DATA SHOWN:
- Opening Delimiter -
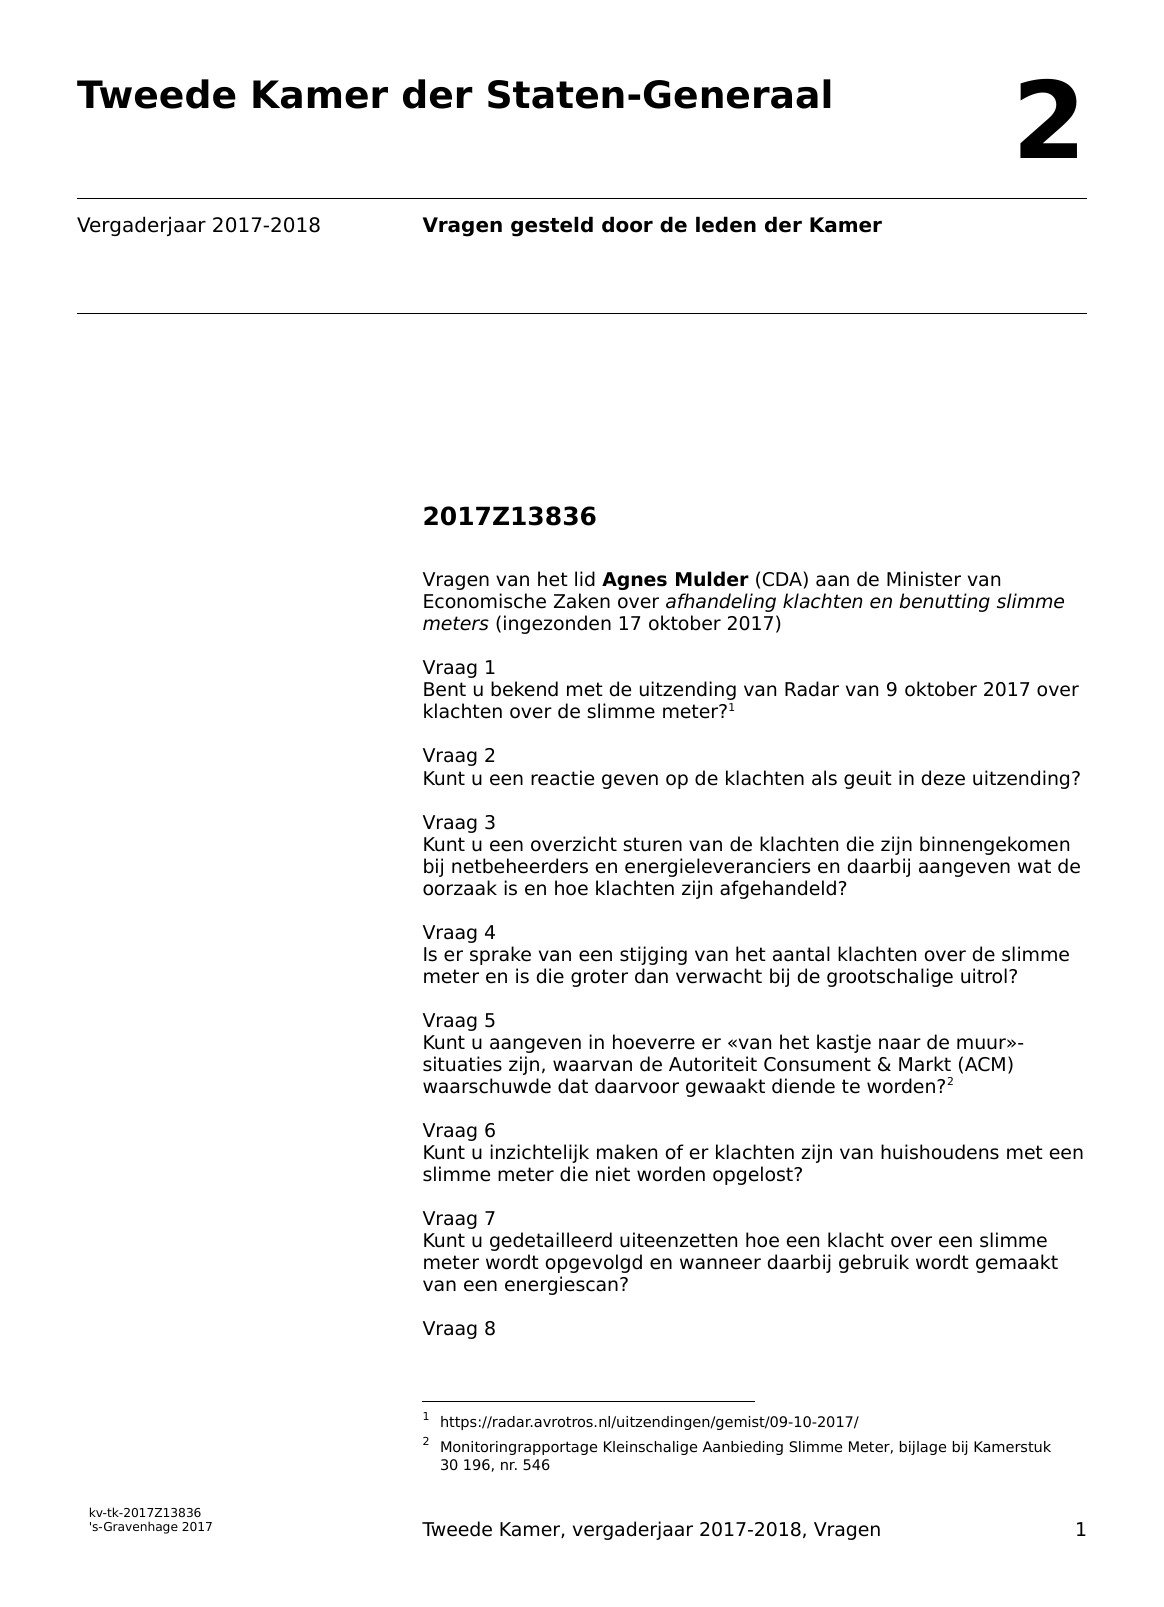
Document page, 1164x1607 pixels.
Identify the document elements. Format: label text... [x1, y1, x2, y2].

text 2017Z13836 [422, 502, 1087, 531]
text Vraag 8 [422, 1318, 1087, 1340]
text Vraag 5 [422, 1010, 1087, 1032]
text Kunt u een overzicht sturen van de klachten die zijn binnengekomen bij netbeheerders en energieleveranciers en daarbij aangeven wat de oorzaak is en hoe klachten zijn afgehandeld? [422, 833, 1087, 899]
text Vragen van het lid Agnes Mulder (CDA) aan de Minister van Economische Zaken over afhandeling klachten en benutting slimme meters (ingezonden 17 oktober 2017) [422, 569, 1087, 635]
text Kunt u gedetailleerd uiteenzetten hoe een klacht over een slimme meter wordt opgevolgd en wanneer daarbij gebruik wordt gemaakt van een energiescan? [422, 1230, 1087, 1296]
text Kunt u een reactie geven op de klachten als geuit in deze uitzending? [422, 767, 1087, 789]
text Vraag 2 [422, 745, 1087, 767]
table_header 2 [886, 59, 1087, 198]
table_cell Vergaderjaar 2017-2018 [77, 199, 422, 313]
text Kunt u inzichtelijk maken of er klachten zijn van huishoudens met een slimme meter die niet worden opgelost? [422, 1142, 1087, 1186]
table_cell Vragen gesteld door de leden der Kamer [422, 199, 1087, 313]
text https://radar.avrotros.nl/uitzendingen/gemist/09-10-2017/ [422, 1410, 1087, 1432]
text 's-Gravenhage 2017 [88, 1520, 323, 1534]
text Monitoringrapportage Kleinschalige Aanbieding Slimme Meter, bijlage bij Kamerstuk 30 196, nr. 546 [422, 1435, 1087, 1474]
table_header Tweede Kamer der Staten-Generaal [77, 59, 886, 198]
text Vraag 7 [422, 1208, 1087, 1230]
text Vraag 4 [422, 922, 1087, 944]
text kv-tk-2017Z13836 [88, 1506, 323, 1520]
text Vraag 6 [422, 1120, 1087, 1142]
text Vraag 1 [422, 657, 1087, 679]
text Kunt u aangeven in hoeverre er «van het kastje naar de muur»-situaties zijn, waarvan de Autoriteit Consument & Markt (ACM) waarschuwde dat daarvoor gewaakt diende te worden? [422, 1032, 1087, 1098]
text Vraag 3 [422, 812, 1087, 833]
text Bent u bekend met de uitzending van Radar van 9 oktober 2017 over klachten over de slimme meter? [422, 679, 1087, 723]
text Is er sprake van een stijging van het aantal klachten over de slimme meter en is die groter dan verwacht bij de grootschalige uitrol? [422, 944, 1087, 988]
- Closing Delimiter -
All lines above are to be restated word for word, with pictures excluded.

Document page, 1164x1607 pixels.
Identify the document elements. Format: label text... [x1, y1, x2, y2].

text 2017Z13836 [422, 502, 1087, 531]
text Vraag 8 [422, 1318, 1087, 1340]
text Vraag 5 [422, 1010, 1087, 1032]
text Kunt u een overzicht sturen van de klachten die zijn binnengekomen bij netbeheerders en energieleveranciers en daarbij aangeven wat de oorzaak is en hoe klachten zijn afgehandeld? [422, 833, 1087, 899]
text Vragen van het lid Agnes Mulder (CDA) aan de Minister van Economische Zaken over afhandeling klachten en benutting slimme meters (ingezonden 17 oktober 2017) [422, 569, 1087, 635]
text Kunt u gedetailleerd uiteenzetten hoe een klacht over een slimme meter wordt opgevolgd en wanneer daarbij gebruik wordt gemaakt van een energiescan? [422, 1230, 1087, 1296]
text Kunt u een reactie geven op de klachten als geuit in deze uitzending? [422, 767, 1087, 789]
text Vraag 2 [422, 745, 1087, 767]
table_header 2 [886, 59, 1087, 198]
table_cell Vergaderjaar 2017-2018 [77, 199, 422, 313]
text Kunt u inzichtelijk maken of er klachten zijn van huishoudens met een slimme meter die niet worden opgelost? [422, 1142, 1087, 1186]
table_cell Vragen gesteld door de leden der Kamer [422, 199, 1087, 313]
text https://radar.avrotros.nl/uitzendingen/gemist/09-10-2017/ [422, 1410, 1087, 1432]
text 's-Gravenhage 2017 [88, 1520, 323, 1534]
text Monitoringrapportage Kleinschalige Aanbieding Slimme Meter, bijlage bij Kamerstuk 30 196, nr. 546 [422, 1435, 1087, 1474]
table_header Tweede Kamer der Staten-Generaal [77, 59, 886, 198]
text Vraag 7 [422, 1208, 1087, 1230]
text Vraag 4 [422, 922, 1087, 944]
text kv-tk-2017Z13836 [88, 1506, 323, 1520]
text Vraag 6 [422, 1120, 1087, 1142]
text Vraag 1 [422, 657, 1087, 679]
text Kunt u aangeven in hoeverre er «van het kastje naar de muur»-situaties zijn, waarvan de Autoriteit Consument & Markt (ACM) waarschuwde dat daarvoor gewaakt diende te worden? [422, 1032, 1087, 1098]
text Vraag 3 [422, 812, 1087, 833]
text Bent u bekend met de uitzending van Radar van 9 oktober 2017 over klachten over de slimme meter? [422, 679, 1087, 723]
text Is er sprake van een stijging van het aantal klachten over de slimme meter en is die groter dan verwacht bij de grootschalige uitrol? [422, 944, 1087, 988]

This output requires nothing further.